Em 1839, no dia 29 de julho foi proclamada a República Juliana, que, como vimos acima, teve curta duração, sendo extinta em 15 de novembro de 1839, após os republicanos terem sido derrotados em Laguna, na maior batalha naval que a Marinha Brasileira participou em águas territoriais nacionais. Foi o último evento armado que antecedeu a proclamação da República Brasileira, em cuja batalha se destacou e projetou ao Mundo a emblemática figura da lagunense Ana Maria de Jesus Ribeiro, depois conhecida como Anita Garibaldi, a Heroína dos Dois Mundos, a Mãe da Pátria Italiana.

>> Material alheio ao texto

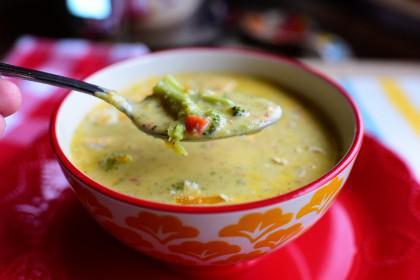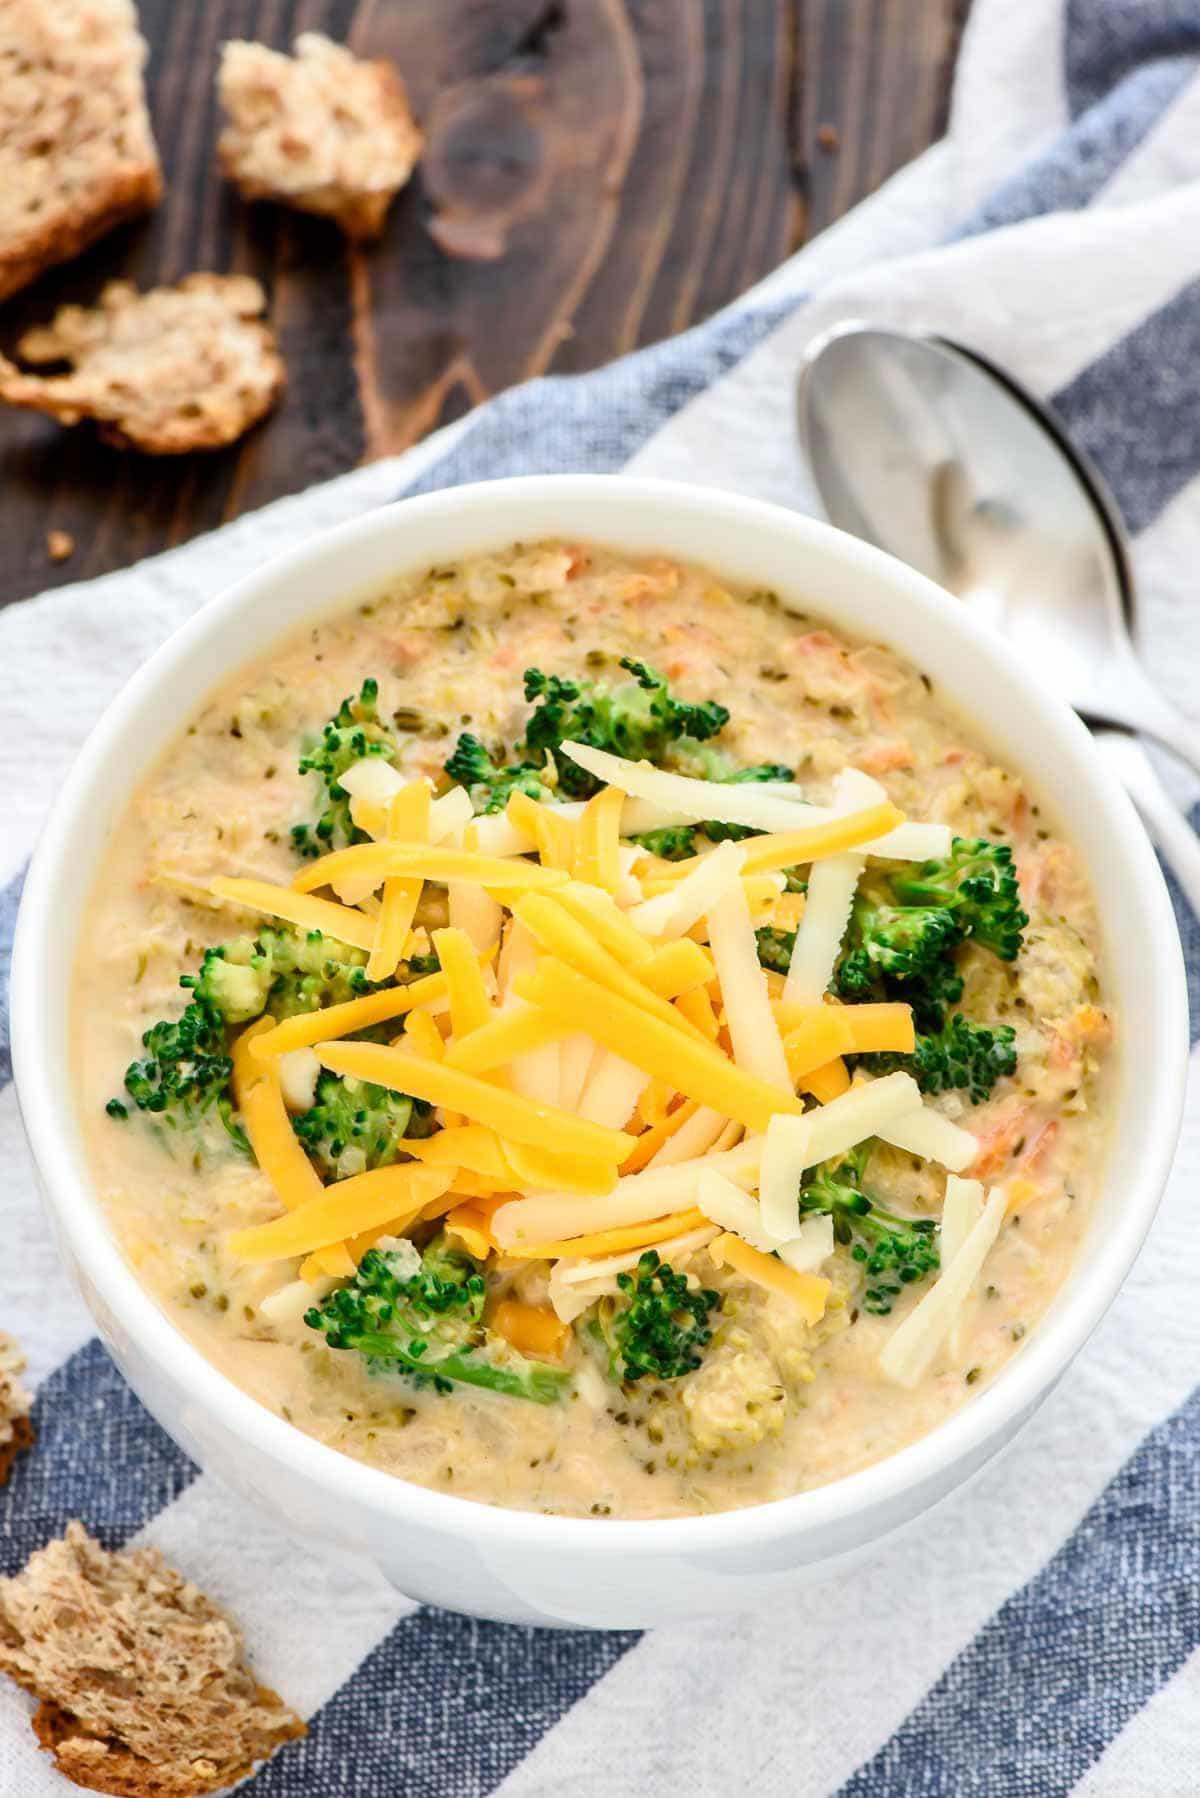The first image is the image on the left, the second image is the image on the right. Assess this claim about the two images: "At least one bowl of soup is garnished with cheese.". Correct or not? Answer yes or no. Yes. The first image is the image on the left, the second image is the image on the right. Considering the images on both sides, is "The bwol of the spoon is visible in the image on the left" valid? Answer yes or no. Yes.

Como o sistema republicano é o mais justo porque liberta das tiranias e deve ser exercido pelo povo e para o povo, associado ao fato de que Anita Garibaldi é a única mulher que se tem notícia histórica de ter lutado pela instituição de quatro republicas: a República Catarinense, a República Riograndense, a República Uruguaia e a República Romana, neste 15 de novembro de 2019, quando comemoramos o 130º aniversário de instituição da República Brasileira e pranteamos o 180º aniversário da derrocada da República Catarinense, é nosso dever reverencia-la como A Guerreira das Repúblicas e da Liberdade.
Por Adilcio Cadorin Advogado, historiador, membro do IHGSC- Instituto Histórico e Geográfico de Santa Catarina e diretor do CulturAnita – Instituto Cultural Anita Garibaldi.